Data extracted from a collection
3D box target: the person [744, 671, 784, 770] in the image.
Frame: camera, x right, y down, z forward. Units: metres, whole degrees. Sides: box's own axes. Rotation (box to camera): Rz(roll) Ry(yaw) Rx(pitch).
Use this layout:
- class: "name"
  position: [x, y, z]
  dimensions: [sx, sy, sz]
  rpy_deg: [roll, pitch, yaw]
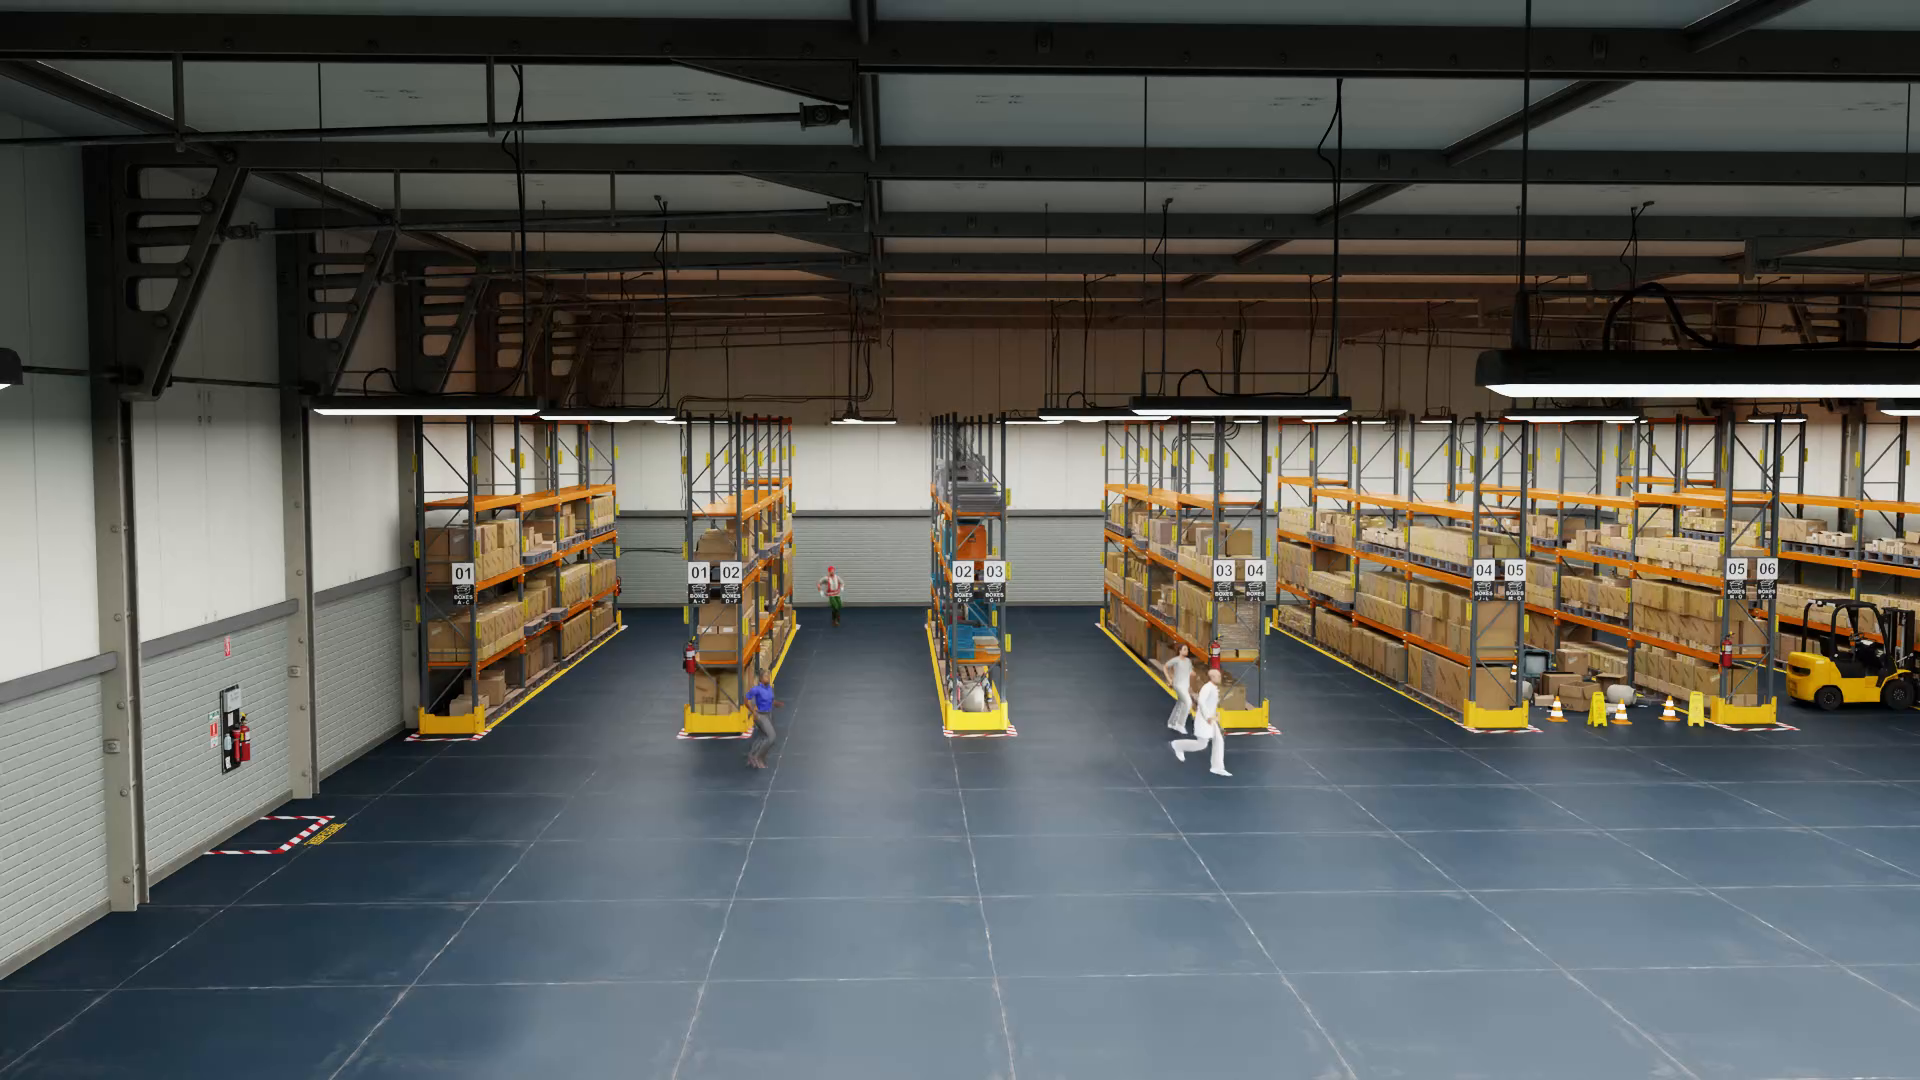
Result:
- class: "person"
  position: [-3.264, 3.060, 27.869]
  dimensions: [0.667, 1.585, 0.550]
  rpy_deg: [2, 4, 23]

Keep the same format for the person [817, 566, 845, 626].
- class: "person"
  position: [-3.636, 1.607, 47.607]
  dimensions: [0.746, 1.725, 0.627]
  rpy_deg: [-2, 5, -32]

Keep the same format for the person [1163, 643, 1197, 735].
- class: "person"
  position: [4.146, 2.775, 31.097]
  dimensions: [0.679, 1.700, 0.549]
  rpy_deg: [4, 5, 44]

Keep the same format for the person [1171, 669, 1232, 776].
- class: "person"
  position: [4.005, 3.007, 27.465]
  dimensions: [1.018, 1.774, 0.717]
  rpy_deg: [2, 4, 23]

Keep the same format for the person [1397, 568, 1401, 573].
- class: "person"
  position: [12.937, 1.565, 49.337]
  dimensions: [0.661, 1.588, 0.586]
  rpy_deg: [-1, 4, -16]

__Work item__: Repeat every record precisely. Any picture among them stays out of the copy.

__Solution to the exercise__:
3D box target: the person [744, 671, 784, 770] in the image.
Frame: camera, x right, y down, z forward. Units: metres, whole degrees. Sides: box's own axes. Rotation (box to camera): Rz(roll) Ry(yaw) Rx(pitch).
Use this layout:
- class: "name"
  position: [x, y, z]
  dimensions: [sx, sy, sz]
  rpy_deg: [roll, pitch, yaw]
Result:
- class: "person"
  position: [-3.264, 3.060, 27.869]
  dimensions: [0.667, 1.585, 0.550]
  rpy_deg: [2, 4, 23]

Keep the same format for the person [817, 566, 845, 626].
- class: "person"
  position: [-3.636, 1.607, 47.607]
  dimensions: [0.746, 1.725, 0.627]
  rpy_deg: [-2, 5, -32]

Keep the same format for the person [1163, 643, 1197, 735].
- class: "person"
  position: [4.146, 2.775, 31.097]
  dimensions: [0.679, 1.700, 0.549]
  rpy_deg: [4, 5, 44]

Keep the same format for the person [1171, 669, 1232, 776].
- class: "person"
  position: [4.005, 3.007, 27.465]
  dimensions: [1.018, 1.774, 0.717]
  rpy_deg: [2, 4, 23]

Keep the same format for the person [1397, 568, 1401, 573].
- class: "person"
  position: [12.937, 1.565, 49.337]
  dimensions: [0.661, 1.588, 0.586]
  rpy_deg: [-1, 4, -16]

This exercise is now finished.